Artikel 4.2 Inning eigen bijdrage en eigen aandeel

Lid 1

De inning van de eigen bijdrage vindt in alle gevallen plaats door het Centraal Administratie Kantoor (CAK).

Op grond van de wettelijke systematiek rondom eigen bijdragen is de gemeente niet gerechtigd om de eigen bijdrage direct op het pgb in mindering te brengen. De gemeente is gehouden om een bruto pgb (dat wil zeggen zonder aftrek van een eventuele eigen bijdrage) aan de klant te verstrekken, en de eigen bijdrage door het CAK te laten vaststellen en innen.

Lid 2

De inning van het eigen aandeel vindt in alle gevallen plaats door het Centraal Administratie Kantoor (CAK). Het college heeft het CAK hiertoe gemandateerd.

Artikel 4.3 Herverstrekkken voorzieningen

De kosten voor het herverstrekken van voorzieningen komen voor rekening van de gemeente. De kosten van het herverstrekken van voorzieningen zijn wel van belang voor het berekenen van de eigen bijdrage of het eigen aandeel.

Als de voorziening wordt herverstrekt door de leverancier, gelden de door de leverancier berekenende kosten.

Als de voorziening wordt herverstrekt door de gemeente (via gemeentewerf) bedragen de kosten 100,- Deze kosten zijn gebaseerd op 1,5 uur werk aan schoonmaken en vervoeren.
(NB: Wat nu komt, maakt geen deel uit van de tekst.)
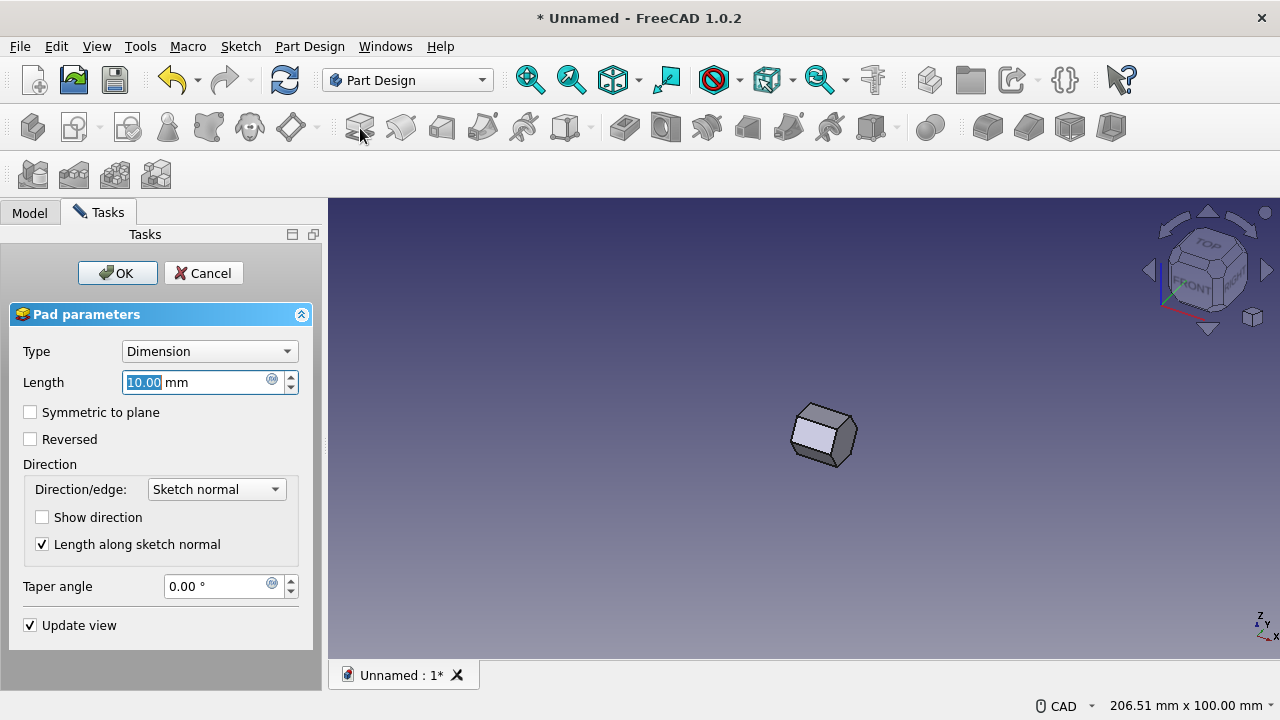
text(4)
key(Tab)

Artikel 4.4 Ingangsdatum voorzieningen

De ingangsdatum van voorzieningen is van belang voor het berekenen van de eigen bijdrage of het eigen aandeel.

Lid 3

De termijn van 8 weken is ontleend aan de Awb.

HOOFDSTUK 5: HULP BIJ HET HUISHOUDEN

Artikel 5.1 Zorg in natura

Lid 1

Wanneer de aanvrager zorg in natura wil ontvangen, dan kan hij deze uitsluitend ontvangen van één van de drie aanbieders die middels een aanbestedingsprocedure hiervoor zijn geselecteerd.

Lid 2

In het tweede lid is omschreven uit welke taken huishoudelijke hulp kan bestaan. Tot welk niveau huishoudelijke hulp wordt geleverd moet blijken uit de indicatie. Middels de beslisboom voor het indiceren van huishoudelijke hulp wordt bepaald voor welke taken en tot welk niveau de aanvrager behoefte heeft aan ondersteuning.

Onder HH2 val ook een eenmalige grote schoonmaak. Een eenmalige grote schoonmaak kan worden ingezet in huishoudens die ernstig vervuild zijn en waar sprake is van veel achterstallig schoonmaakwerk.

Artikel 5.2 Hoogte persoonsgebonden budget voor hulp bij de huishouding

Deze bedragen zijn gebaseerd op de aanbesteding voor Hulp bij het Huishouden in natura. In paragraaf 3.3.6.1. van de offerteaanvraag 08INK016 van 11-09-2008 staat de berekening van de loonkosten voor de uitvoering van HH.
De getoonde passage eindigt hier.